• **Input for this task**:
* * * * * * * * *

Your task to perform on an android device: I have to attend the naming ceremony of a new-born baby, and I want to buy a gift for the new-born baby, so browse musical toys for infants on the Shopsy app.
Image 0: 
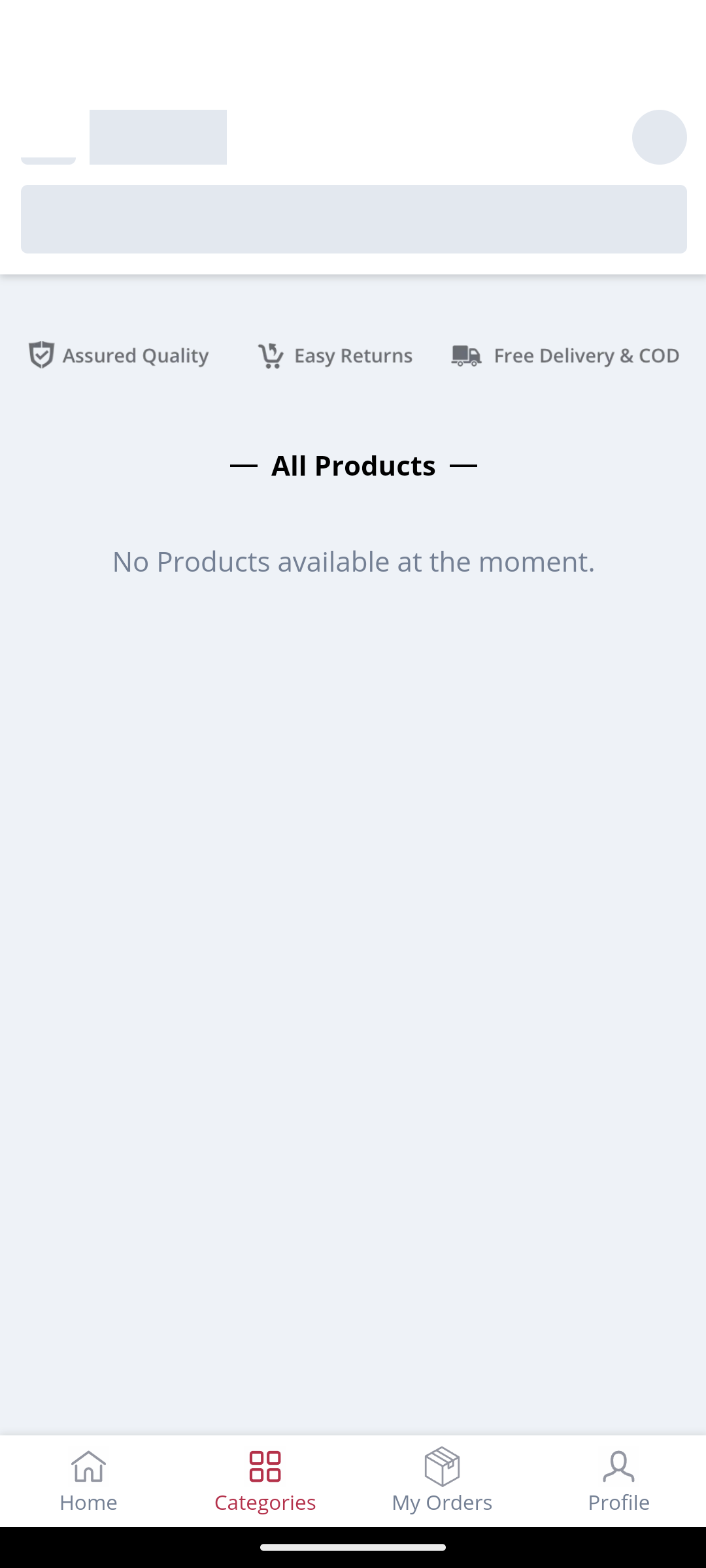
Open the Shopsy app.
Step 0: open app "Shopsy"
Image 1: 
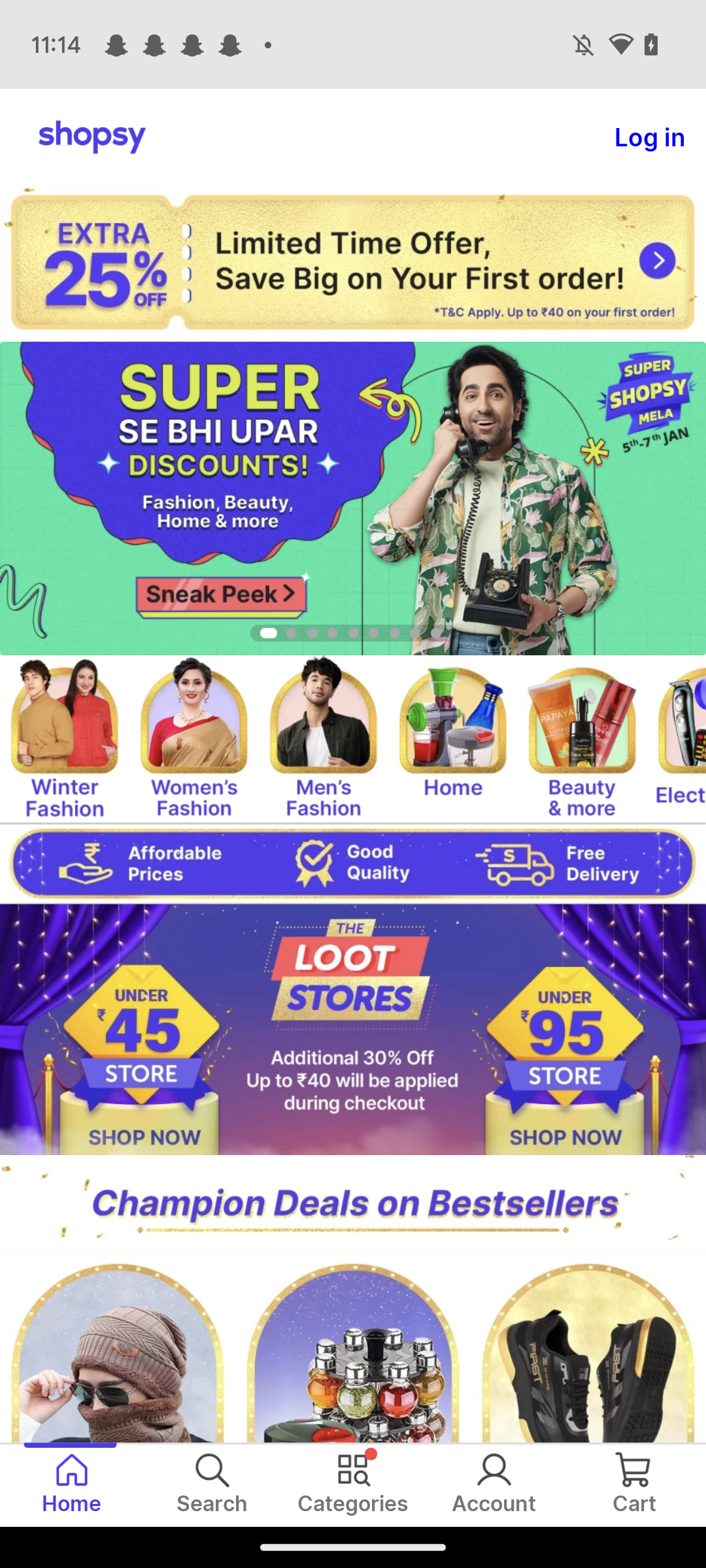
Click on the Categories tab at the bottom.
Step 1: click (335, 1458)
Image 2: 
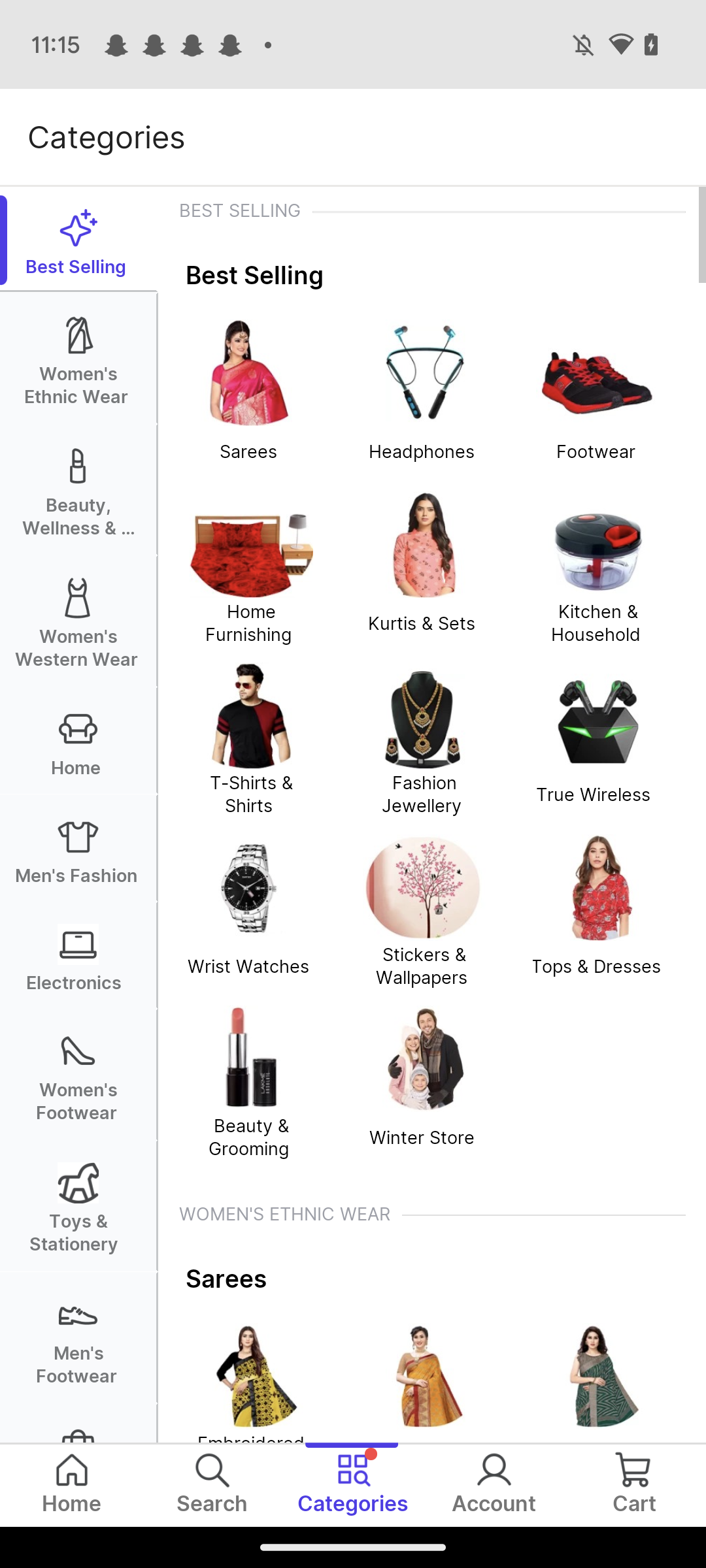
Click on the Toys& stationery tab.
Step 2: click (71, 1176)
Image 3: 
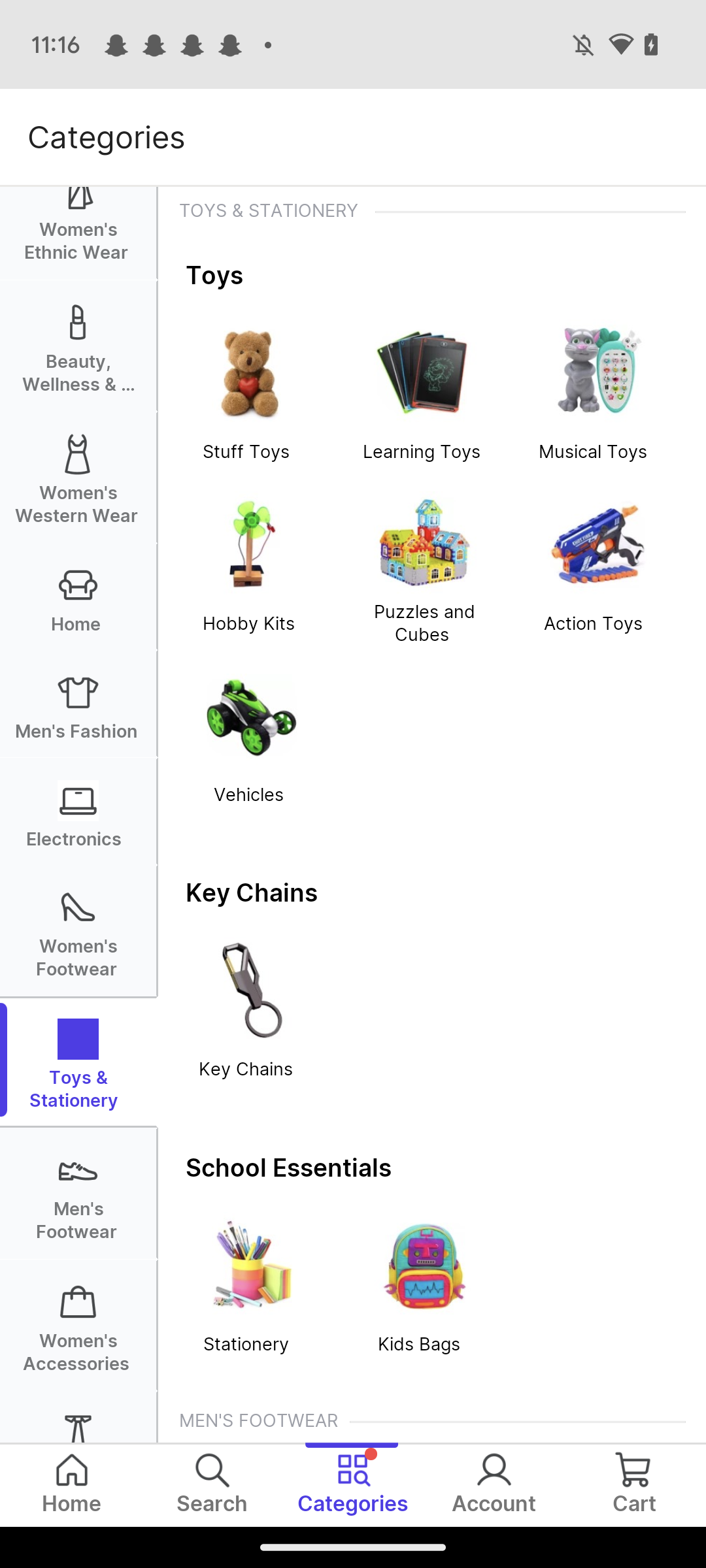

* * * * * * * * *

In the copy, include exactly the lines from the one with "Step 0: open" through the final line of the entries above, both ends counted, and no pictures.

• **Written solution**:
Step 0: open app "Shopsy"
Image 1: 
Click on the Categories tab at the bottom.
Step 1: click (335, 1458)
Image 2: 
Click on the Toys& stationery tab.
Step 2: click (71, 1176)
Image 3: 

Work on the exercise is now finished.